ものの一瞬で地獄と化してしまった山林の中央には、一つの炎があった。
他のただ燃やし、範囲を広げ続けるだけの炎とは違う。まるで生きているかのように揺らめき、形を変えて人魂のように浮いている、人間大の炎。
しばらくの間ただ風に揺らされるようにして左右上下を行き来していたそれは、しかしある瞬間にピタリと静止する。
そしてそれは自身の体ともいえる炎の形をふにゃふにゃと変形させ、人魂のようなそれからまるで人間のような二足の足と二本の腕、そして胴体と頭を持つ形へと変わっていく。
だが、それでも炎で形成されたその容姿は怪物そのもの。
見る人がいればUMAや妖怪でも見た、と叫びながら逃げているところだろう。
もしいたとしても、残念ながらこの山林を包むこの炎の中ではそんなことをしている余裕はないだろうが。

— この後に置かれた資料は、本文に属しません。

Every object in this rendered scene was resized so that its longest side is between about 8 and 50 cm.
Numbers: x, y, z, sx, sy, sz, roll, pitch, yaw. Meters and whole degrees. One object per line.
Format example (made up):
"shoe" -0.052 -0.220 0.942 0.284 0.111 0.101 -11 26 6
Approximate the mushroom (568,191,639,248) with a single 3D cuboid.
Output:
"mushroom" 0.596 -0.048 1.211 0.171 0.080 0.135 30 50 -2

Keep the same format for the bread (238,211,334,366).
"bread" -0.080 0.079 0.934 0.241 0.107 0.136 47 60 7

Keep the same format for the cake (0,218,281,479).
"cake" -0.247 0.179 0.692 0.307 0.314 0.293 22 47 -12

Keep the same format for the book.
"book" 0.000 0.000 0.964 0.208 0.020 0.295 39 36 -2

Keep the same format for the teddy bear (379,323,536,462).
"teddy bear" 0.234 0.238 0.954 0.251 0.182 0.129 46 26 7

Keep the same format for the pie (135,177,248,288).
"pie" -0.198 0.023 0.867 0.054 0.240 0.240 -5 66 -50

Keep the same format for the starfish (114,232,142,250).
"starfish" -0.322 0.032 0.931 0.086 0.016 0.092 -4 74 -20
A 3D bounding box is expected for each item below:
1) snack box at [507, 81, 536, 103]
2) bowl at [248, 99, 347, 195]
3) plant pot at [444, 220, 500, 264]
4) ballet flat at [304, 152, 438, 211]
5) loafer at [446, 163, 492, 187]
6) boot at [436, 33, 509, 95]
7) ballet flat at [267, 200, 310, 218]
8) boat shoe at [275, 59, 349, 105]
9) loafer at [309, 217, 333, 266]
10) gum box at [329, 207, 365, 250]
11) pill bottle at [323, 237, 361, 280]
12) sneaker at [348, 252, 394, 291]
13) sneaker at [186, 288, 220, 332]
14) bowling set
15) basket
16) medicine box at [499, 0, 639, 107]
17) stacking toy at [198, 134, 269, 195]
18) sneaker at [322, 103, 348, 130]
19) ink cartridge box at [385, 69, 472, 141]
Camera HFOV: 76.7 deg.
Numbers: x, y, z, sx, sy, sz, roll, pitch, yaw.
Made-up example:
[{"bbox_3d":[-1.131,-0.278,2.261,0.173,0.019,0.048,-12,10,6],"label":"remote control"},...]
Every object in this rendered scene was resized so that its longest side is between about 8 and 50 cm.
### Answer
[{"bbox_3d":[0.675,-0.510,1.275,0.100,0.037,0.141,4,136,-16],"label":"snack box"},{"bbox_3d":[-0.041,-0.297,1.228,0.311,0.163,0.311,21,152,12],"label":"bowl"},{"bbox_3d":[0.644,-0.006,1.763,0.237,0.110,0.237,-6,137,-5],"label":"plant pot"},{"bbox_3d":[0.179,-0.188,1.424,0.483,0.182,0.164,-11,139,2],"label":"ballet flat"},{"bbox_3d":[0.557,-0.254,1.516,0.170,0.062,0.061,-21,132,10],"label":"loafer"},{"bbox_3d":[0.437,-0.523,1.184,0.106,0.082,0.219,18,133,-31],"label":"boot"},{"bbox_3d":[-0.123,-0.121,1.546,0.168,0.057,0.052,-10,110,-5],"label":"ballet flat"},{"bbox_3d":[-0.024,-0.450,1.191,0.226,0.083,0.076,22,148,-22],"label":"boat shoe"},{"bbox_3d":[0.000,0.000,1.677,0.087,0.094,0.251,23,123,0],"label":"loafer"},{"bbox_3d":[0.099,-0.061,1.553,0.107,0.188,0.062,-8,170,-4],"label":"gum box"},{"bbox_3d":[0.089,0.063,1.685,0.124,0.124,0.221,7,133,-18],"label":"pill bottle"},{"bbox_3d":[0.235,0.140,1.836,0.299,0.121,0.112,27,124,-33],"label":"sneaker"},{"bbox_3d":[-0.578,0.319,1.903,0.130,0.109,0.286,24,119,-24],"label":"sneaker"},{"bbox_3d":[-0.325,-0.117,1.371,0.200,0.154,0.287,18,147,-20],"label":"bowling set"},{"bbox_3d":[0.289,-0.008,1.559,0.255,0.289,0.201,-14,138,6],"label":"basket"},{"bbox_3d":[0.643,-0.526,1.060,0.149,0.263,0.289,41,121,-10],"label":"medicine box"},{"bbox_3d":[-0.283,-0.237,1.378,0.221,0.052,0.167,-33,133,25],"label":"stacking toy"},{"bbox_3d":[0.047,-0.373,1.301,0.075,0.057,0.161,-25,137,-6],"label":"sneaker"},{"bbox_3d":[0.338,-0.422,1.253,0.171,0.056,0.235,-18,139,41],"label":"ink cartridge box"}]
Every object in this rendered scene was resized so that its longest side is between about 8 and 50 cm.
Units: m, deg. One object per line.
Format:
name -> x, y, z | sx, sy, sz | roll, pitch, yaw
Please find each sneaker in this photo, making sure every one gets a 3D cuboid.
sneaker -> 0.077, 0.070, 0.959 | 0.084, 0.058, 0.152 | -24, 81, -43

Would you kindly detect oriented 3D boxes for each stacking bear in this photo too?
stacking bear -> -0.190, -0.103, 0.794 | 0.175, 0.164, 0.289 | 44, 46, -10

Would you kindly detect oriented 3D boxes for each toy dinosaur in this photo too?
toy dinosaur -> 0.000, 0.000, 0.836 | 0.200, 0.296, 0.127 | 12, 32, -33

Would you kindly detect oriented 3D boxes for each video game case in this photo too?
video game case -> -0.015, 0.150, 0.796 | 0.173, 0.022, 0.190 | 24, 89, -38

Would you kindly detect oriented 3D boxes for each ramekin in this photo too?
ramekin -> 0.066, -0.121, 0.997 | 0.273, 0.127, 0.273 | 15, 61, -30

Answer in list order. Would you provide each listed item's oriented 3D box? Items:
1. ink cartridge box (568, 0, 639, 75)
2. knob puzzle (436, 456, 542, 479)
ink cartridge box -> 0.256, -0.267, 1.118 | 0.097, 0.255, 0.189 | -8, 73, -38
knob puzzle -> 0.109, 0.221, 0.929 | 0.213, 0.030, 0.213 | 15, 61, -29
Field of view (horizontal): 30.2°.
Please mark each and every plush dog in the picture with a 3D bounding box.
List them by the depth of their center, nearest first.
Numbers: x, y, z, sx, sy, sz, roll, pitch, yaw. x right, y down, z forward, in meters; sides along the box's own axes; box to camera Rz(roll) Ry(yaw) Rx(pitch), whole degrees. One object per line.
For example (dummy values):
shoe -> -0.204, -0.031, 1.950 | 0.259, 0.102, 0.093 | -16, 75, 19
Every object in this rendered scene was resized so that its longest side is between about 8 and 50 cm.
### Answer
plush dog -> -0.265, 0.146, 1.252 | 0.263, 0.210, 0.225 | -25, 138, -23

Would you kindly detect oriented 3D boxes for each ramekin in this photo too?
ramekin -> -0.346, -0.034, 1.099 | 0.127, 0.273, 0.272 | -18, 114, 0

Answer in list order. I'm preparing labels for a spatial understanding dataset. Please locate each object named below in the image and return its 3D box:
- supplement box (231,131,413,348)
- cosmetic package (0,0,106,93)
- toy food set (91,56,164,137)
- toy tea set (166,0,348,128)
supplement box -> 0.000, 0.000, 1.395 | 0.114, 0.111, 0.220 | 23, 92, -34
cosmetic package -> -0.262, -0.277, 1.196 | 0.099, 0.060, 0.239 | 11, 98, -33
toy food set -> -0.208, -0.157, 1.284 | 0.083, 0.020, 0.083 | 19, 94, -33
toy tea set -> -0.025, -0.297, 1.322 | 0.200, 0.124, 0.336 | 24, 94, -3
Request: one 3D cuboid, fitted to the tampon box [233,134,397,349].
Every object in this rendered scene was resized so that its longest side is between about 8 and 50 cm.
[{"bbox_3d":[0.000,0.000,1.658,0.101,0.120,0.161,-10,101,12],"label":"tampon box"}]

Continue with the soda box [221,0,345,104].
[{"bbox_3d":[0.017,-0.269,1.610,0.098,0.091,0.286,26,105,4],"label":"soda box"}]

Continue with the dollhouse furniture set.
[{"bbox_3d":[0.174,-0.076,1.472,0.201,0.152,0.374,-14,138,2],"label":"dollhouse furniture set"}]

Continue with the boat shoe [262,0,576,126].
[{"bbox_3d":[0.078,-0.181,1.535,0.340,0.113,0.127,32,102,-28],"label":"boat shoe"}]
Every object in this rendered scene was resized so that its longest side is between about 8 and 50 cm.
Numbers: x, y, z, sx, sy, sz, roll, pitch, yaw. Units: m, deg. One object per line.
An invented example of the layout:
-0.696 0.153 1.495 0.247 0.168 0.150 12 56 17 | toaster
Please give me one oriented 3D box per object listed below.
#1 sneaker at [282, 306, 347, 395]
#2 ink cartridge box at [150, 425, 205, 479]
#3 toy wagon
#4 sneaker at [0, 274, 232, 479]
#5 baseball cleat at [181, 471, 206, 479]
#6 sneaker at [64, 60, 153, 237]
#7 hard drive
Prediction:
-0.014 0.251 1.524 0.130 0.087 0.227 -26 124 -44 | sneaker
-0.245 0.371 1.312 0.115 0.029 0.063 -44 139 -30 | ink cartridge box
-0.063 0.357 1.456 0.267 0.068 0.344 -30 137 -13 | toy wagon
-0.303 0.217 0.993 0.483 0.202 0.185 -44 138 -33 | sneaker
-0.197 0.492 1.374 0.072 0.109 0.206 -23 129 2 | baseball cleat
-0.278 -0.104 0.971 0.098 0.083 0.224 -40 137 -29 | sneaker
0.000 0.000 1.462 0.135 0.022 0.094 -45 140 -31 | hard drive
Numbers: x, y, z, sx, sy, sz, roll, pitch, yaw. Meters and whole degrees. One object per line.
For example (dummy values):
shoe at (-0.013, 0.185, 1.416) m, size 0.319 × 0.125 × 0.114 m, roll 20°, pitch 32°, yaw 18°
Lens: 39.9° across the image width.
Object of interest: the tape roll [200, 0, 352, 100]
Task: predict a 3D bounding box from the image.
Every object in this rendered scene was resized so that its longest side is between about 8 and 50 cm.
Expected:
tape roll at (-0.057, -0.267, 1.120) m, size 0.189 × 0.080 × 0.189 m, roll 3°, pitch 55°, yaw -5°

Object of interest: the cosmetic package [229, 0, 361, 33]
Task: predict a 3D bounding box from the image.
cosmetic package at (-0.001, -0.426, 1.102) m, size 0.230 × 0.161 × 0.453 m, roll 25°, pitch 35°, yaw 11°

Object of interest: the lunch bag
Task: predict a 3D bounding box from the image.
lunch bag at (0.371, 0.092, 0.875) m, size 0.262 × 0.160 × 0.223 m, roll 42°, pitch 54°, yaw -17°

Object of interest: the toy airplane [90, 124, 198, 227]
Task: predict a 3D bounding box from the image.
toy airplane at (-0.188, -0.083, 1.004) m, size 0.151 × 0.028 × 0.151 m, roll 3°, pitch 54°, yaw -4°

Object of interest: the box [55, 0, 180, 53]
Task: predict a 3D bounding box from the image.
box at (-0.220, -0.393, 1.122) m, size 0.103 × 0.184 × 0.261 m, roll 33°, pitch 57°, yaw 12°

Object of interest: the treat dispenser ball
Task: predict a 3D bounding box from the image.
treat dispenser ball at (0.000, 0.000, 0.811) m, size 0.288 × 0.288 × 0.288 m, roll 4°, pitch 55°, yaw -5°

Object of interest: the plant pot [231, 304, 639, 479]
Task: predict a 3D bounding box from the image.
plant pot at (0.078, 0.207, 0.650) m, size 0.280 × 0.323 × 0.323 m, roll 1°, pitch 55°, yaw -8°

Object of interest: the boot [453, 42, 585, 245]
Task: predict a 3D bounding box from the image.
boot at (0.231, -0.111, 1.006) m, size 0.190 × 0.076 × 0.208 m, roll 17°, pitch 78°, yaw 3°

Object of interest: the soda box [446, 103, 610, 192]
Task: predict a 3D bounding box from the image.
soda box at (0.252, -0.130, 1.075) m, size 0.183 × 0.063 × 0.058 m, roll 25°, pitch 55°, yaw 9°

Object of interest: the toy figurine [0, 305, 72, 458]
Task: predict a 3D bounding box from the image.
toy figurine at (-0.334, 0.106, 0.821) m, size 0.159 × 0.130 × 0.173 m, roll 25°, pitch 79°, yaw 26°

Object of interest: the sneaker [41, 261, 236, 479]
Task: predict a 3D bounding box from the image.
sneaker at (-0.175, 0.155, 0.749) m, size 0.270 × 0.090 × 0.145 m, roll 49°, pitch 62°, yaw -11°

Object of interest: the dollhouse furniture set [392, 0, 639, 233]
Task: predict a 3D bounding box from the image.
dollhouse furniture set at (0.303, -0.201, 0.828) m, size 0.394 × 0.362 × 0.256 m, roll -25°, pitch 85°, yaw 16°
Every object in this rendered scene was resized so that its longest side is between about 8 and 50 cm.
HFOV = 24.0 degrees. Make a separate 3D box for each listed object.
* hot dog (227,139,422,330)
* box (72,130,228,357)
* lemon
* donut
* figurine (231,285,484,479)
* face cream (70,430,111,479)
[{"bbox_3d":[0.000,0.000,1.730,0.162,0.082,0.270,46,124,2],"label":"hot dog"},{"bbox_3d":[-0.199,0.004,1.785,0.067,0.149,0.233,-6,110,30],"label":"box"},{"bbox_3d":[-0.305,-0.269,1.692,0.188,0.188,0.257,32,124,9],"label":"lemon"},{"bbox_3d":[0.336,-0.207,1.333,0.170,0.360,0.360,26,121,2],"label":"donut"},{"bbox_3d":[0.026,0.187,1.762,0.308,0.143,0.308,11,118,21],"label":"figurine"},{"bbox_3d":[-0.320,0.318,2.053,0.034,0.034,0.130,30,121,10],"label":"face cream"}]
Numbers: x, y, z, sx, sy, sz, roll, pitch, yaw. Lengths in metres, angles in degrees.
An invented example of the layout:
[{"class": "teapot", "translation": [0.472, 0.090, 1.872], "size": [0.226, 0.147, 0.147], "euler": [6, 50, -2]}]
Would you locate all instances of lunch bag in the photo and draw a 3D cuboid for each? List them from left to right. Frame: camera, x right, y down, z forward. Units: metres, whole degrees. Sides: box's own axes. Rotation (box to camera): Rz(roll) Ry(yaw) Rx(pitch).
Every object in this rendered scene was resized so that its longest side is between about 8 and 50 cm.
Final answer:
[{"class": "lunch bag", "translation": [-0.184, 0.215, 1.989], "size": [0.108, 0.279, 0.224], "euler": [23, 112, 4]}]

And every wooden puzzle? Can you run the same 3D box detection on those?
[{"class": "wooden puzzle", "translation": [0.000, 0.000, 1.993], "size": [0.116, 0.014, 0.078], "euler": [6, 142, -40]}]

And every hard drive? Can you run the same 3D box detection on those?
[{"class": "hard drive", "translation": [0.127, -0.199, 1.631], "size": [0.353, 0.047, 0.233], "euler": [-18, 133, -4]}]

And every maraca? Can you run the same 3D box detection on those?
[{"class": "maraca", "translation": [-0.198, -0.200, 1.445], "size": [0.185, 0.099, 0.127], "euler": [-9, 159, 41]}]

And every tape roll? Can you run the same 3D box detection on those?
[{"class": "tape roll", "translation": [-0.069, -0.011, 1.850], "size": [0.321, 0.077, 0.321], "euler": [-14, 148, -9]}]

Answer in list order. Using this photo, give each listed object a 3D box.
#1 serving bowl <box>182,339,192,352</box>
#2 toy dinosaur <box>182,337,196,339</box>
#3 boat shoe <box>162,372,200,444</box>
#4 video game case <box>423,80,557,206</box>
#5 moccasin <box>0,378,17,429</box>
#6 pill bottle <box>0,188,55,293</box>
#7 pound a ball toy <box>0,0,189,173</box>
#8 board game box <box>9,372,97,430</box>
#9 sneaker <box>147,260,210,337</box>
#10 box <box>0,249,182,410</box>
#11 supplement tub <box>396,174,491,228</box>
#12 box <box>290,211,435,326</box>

そして、人の形をとった炎は空中に浮くのをやめて歩き始める。
そのゆっくりとした不安定な歩みからはとても目的地があるようには思えない。
だがそれと同時に横を見る素振りさえ見せず、一方向に向かって進んで行くその様子からは、なにか、確固たる目的があるようにしか見えなかった。
そうして人型の炎はゆったりとした不安定な動きで、しかし一点を見つめて進み続ける。